Provided data:
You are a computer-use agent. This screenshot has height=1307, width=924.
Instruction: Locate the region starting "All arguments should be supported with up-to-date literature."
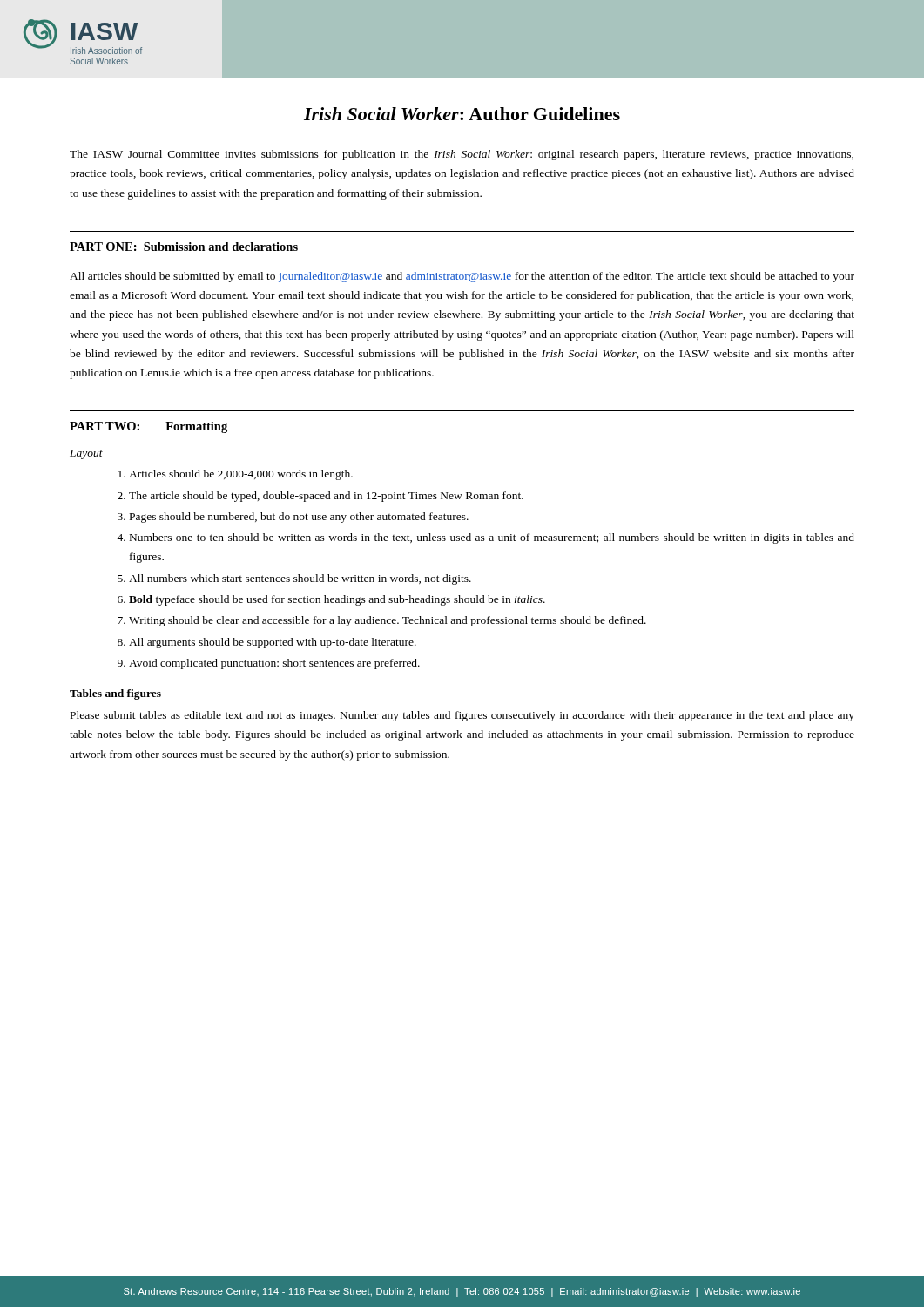[x=267, y=643]
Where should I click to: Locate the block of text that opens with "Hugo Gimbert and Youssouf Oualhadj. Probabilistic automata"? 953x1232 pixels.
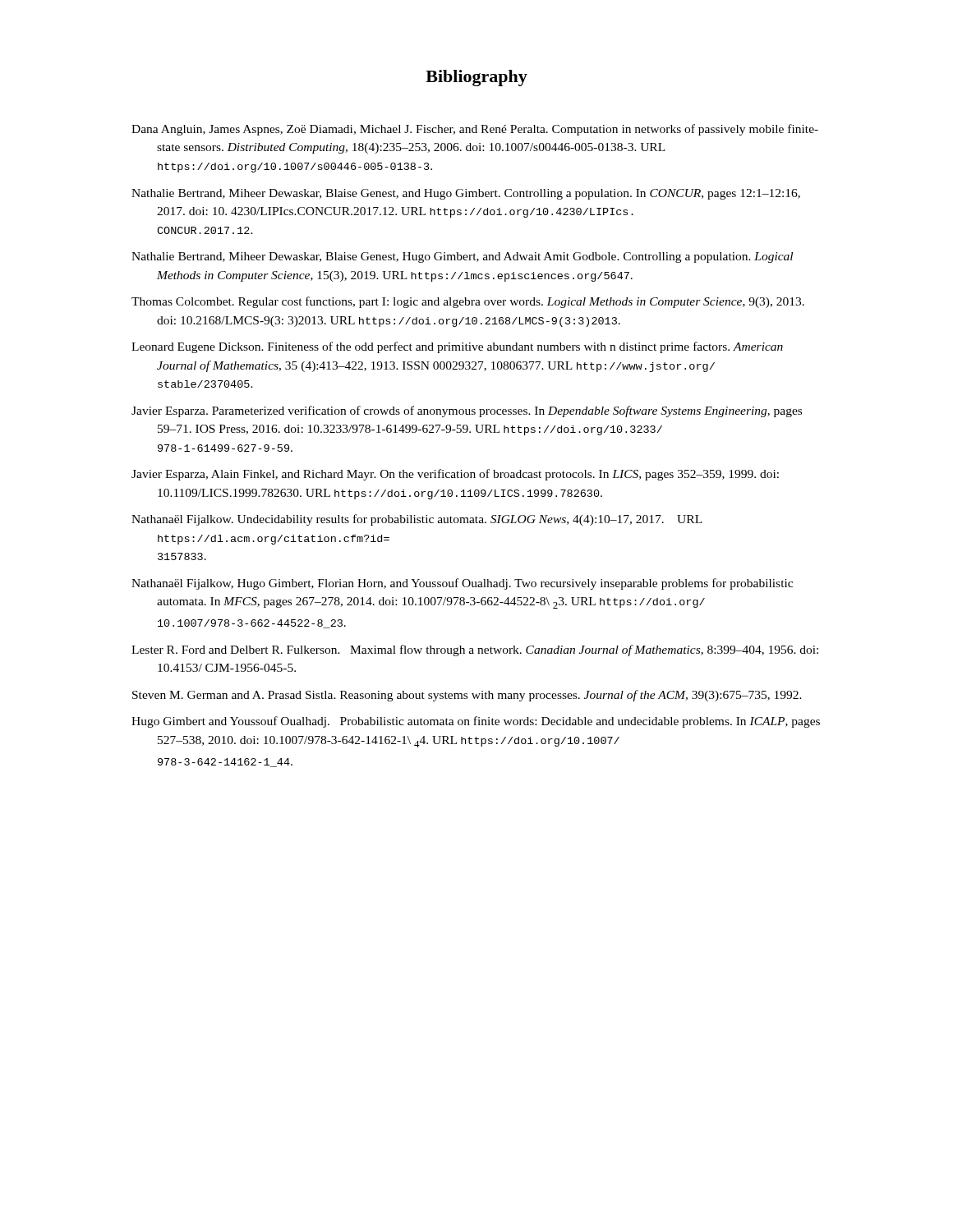coord(476,741)
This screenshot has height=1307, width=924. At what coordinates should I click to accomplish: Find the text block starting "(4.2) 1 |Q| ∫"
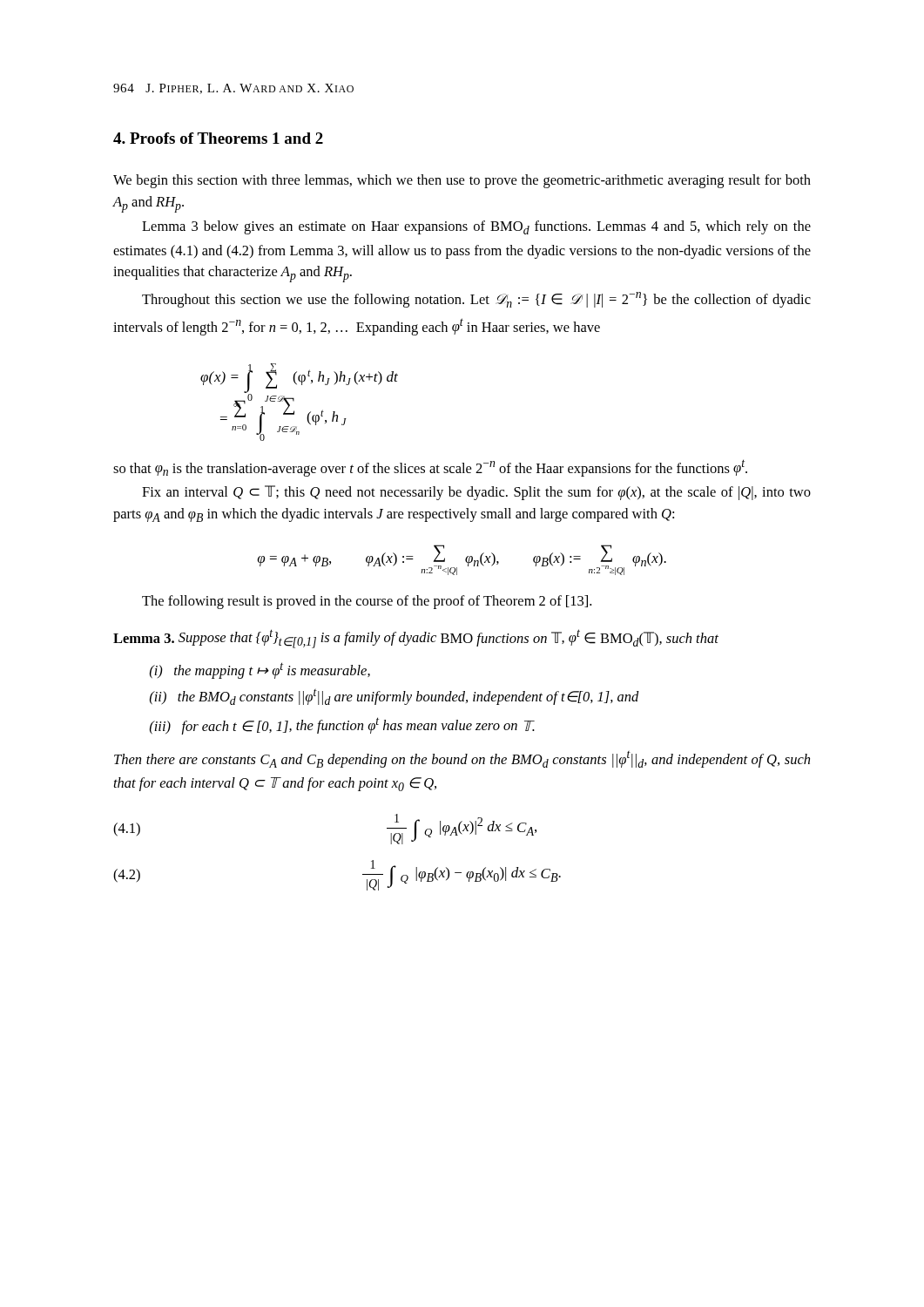pos(115,875)
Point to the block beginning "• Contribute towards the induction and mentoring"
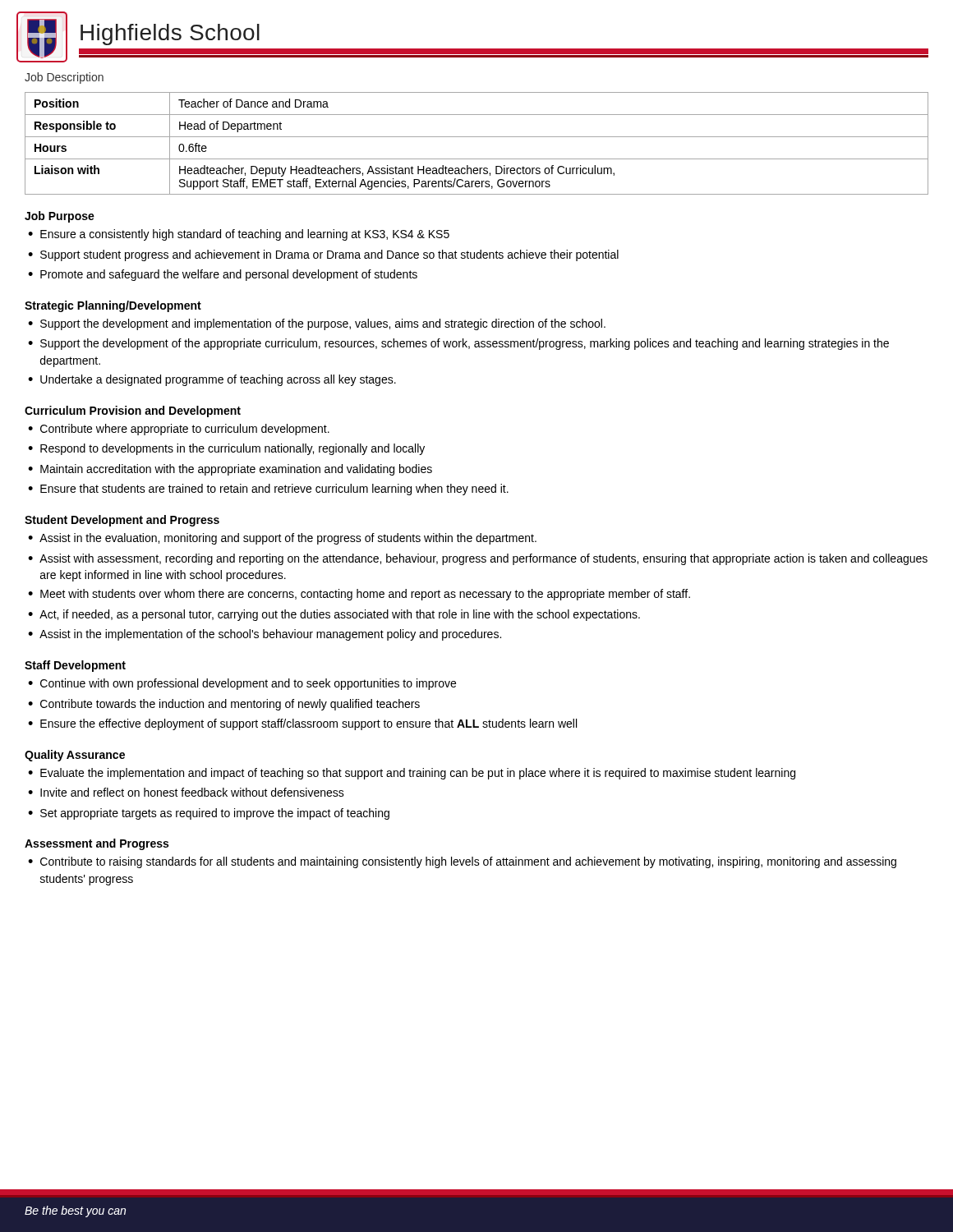Viewport: 953px width, 1232px height. [x=224, y=704]
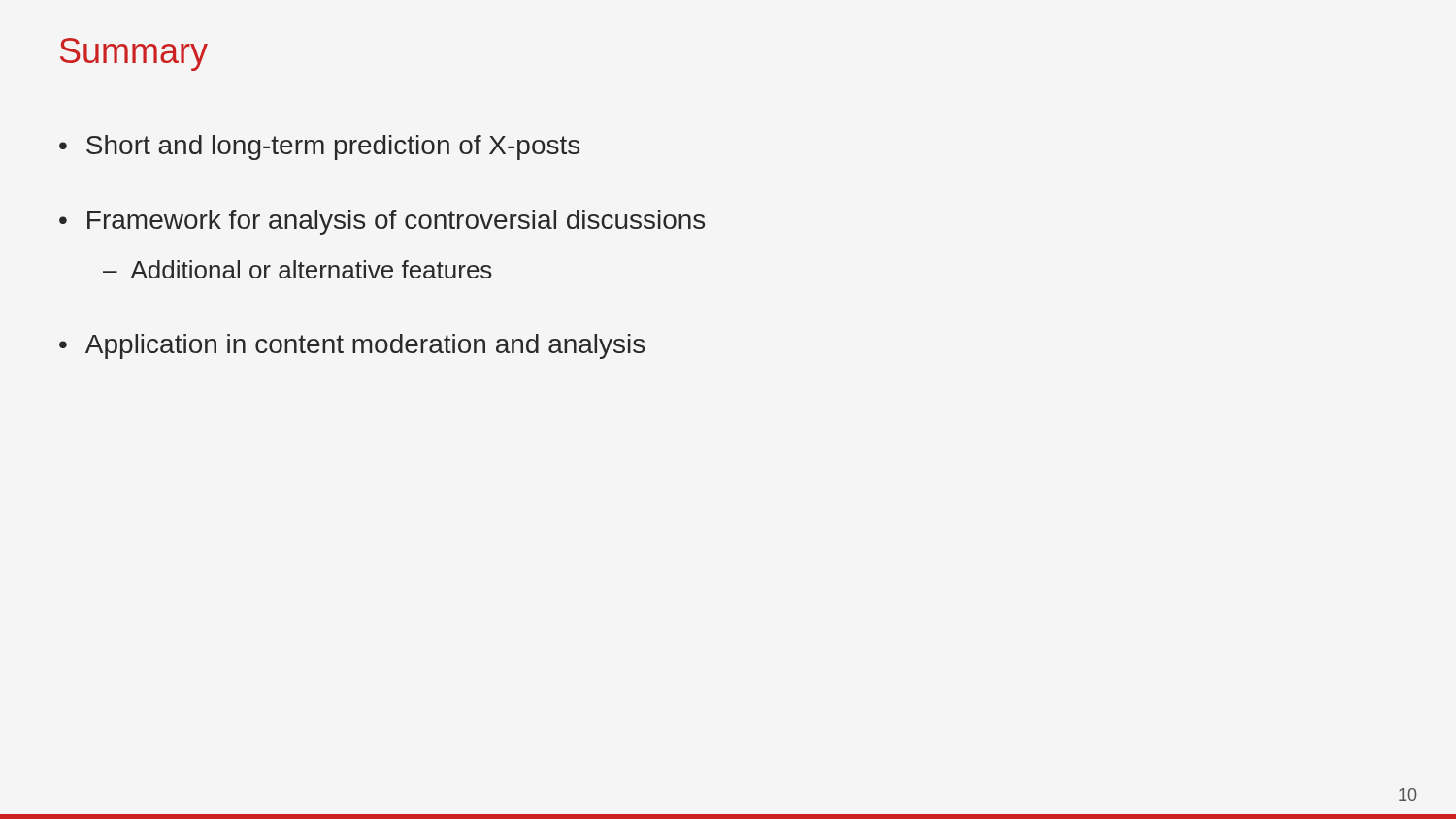Find "– Additional or alternative features" on this page
The height and width of the screenshot is (819, 1456).
pos(298,270)
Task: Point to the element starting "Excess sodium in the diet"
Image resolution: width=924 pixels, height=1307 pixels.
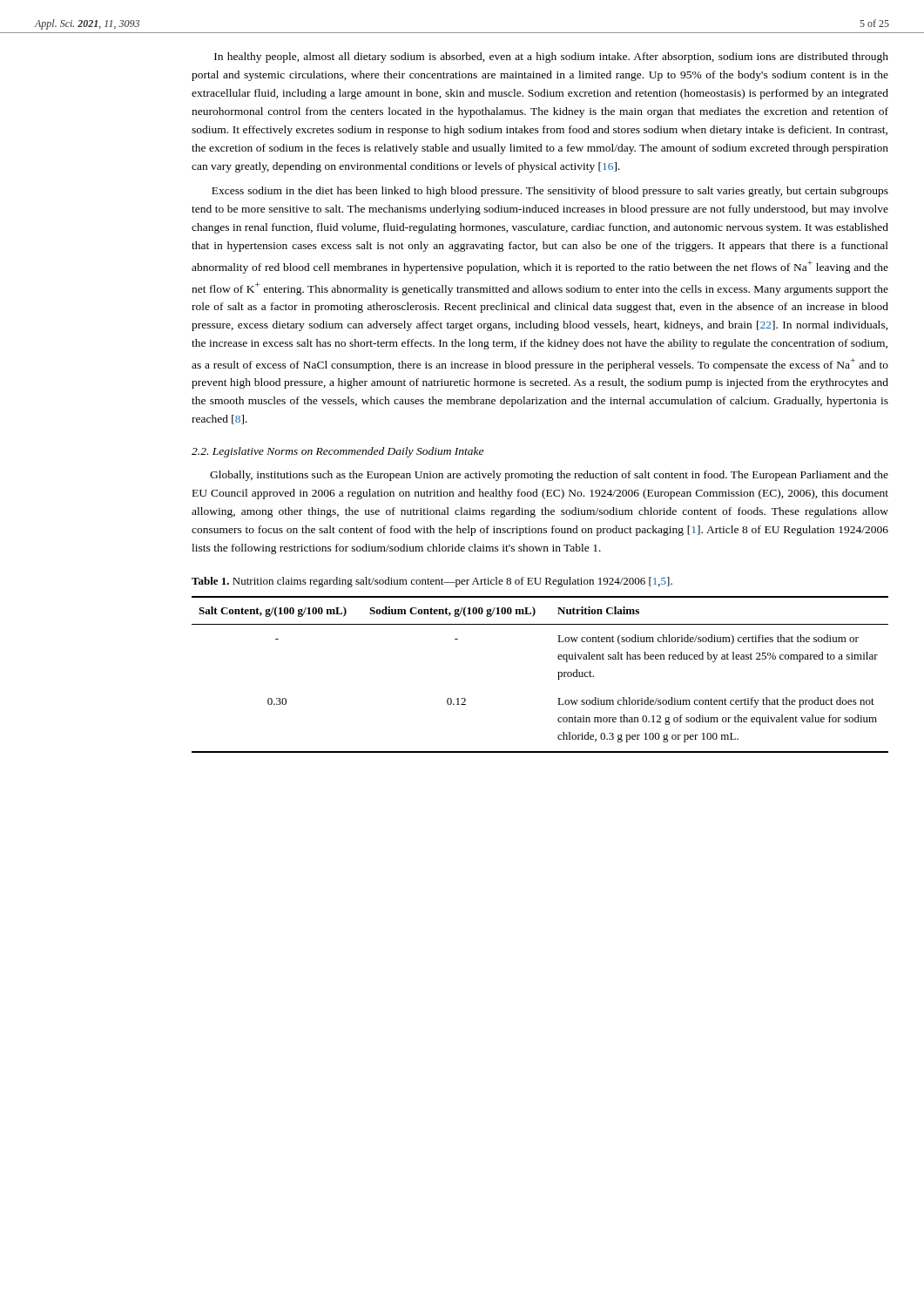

Task to carry out:
An exact copy of every record above is required, with all pictures omitted.

Result of the task:
You are a computer-use agent. This screenshot has height=1307, width=924.
Instruction: Locate the region starting "All arguments should be supported with up-to-date literature."
[x=267, y=643]
Where should I click to: Locate the block of text that opens with "Hugo Gimbert and Youssouf Oualhadj. Probabilistic automata"? 953x1232 pixels.
coord(476,741)
This screenshot has height=1307, width=924. At what coordinates should I click to accomplish: Find the text block starting "(4.2) 1 |Q| ∫"
pos(115,875)
Point to the block beginning "• Contribute towards the induction and mentoring"
Viewport: 953px width, 1232px height. [x=224, y=704]
Find "– Additional or alternative features" on this page
The height and width of the screenshot is (819, 1456).
pos(298,270)
Task: Point to the element starting "Excess sodium in the diet"
Image resolution: width=924 pixels, height=1307 pixels.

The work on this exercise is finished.